>>

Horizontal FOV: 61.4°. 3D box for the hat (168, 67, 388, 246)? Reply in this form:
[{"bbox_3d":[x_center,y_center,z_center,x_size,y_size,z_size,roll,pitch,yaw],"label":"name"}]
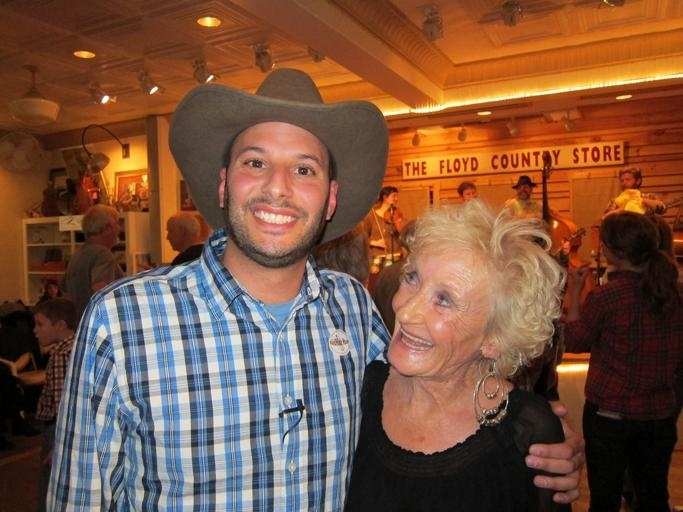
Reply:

<<
>>

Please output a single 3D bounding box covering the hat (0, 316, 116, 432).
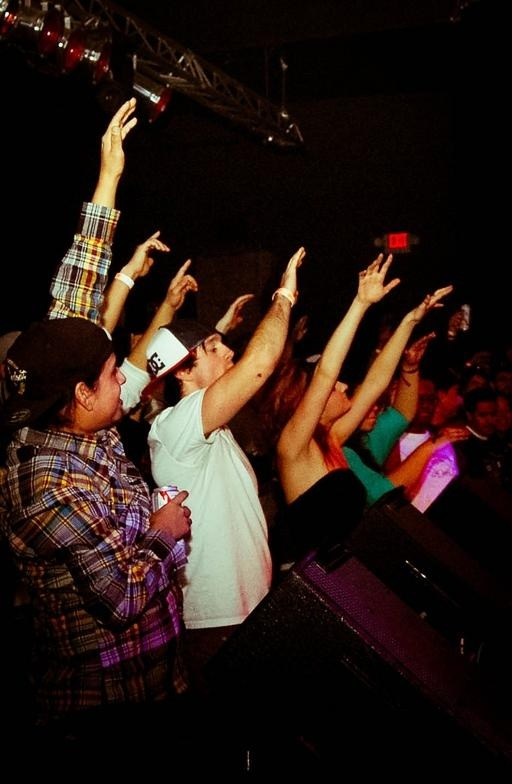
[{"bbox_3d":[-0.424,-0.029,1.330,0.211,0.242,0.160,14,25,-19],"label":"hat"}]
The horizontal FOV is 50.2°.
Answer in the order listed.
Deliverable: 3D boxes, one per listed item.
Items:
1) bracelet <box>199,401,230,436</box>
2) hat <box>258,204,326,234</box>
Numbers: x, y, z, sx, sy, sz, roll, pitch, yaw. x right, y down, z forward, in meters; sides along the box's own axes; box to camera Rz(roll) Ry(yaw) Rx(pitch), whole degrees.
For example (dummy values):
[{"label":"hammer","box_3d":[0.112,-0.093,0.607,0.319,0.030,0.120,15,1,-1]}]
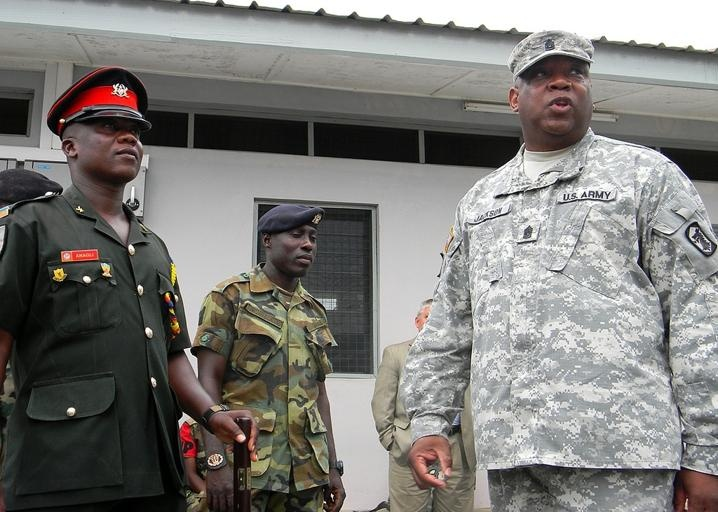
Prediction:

<<
>>

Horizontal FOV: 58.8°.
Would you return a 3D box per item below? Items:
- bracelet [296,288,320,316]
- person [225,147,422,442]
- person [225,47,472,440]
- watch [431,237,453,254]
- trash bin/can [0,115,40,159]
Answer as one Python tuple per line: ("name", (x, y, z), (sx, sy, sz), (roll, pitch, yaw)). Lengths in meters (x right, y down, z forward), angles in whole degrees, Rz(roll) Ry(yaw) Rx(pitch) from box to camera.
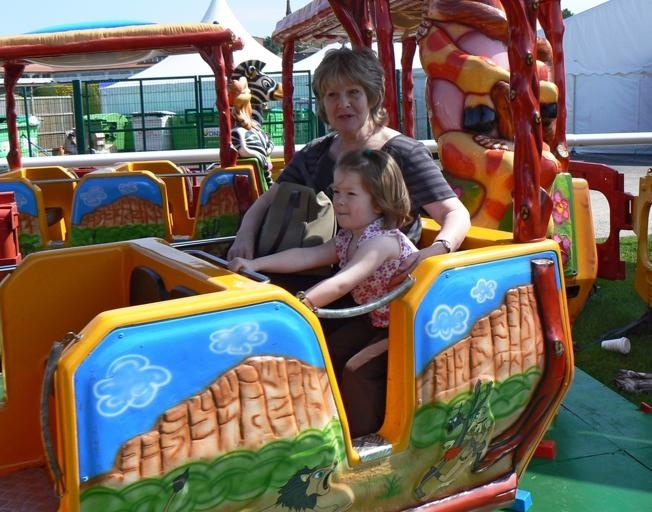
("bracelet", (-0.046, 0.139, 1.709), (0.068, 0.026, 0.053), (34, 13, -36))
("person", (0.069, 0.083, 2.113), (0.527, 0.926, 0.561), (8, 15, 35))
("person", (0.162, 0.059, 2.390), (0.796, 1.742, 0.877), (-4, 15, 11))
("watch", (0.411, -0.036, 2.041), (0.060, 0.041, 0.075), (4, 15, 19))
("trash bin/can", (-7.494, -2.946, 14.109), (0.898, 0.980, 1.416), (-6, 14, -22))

<<

## [TASK ITEM]
For each line of the entries that includes "listed", show that line.

## [YOUR SOLUTION]
Answer in the order listed.
Deliverable: 3D boxes, one per listed item.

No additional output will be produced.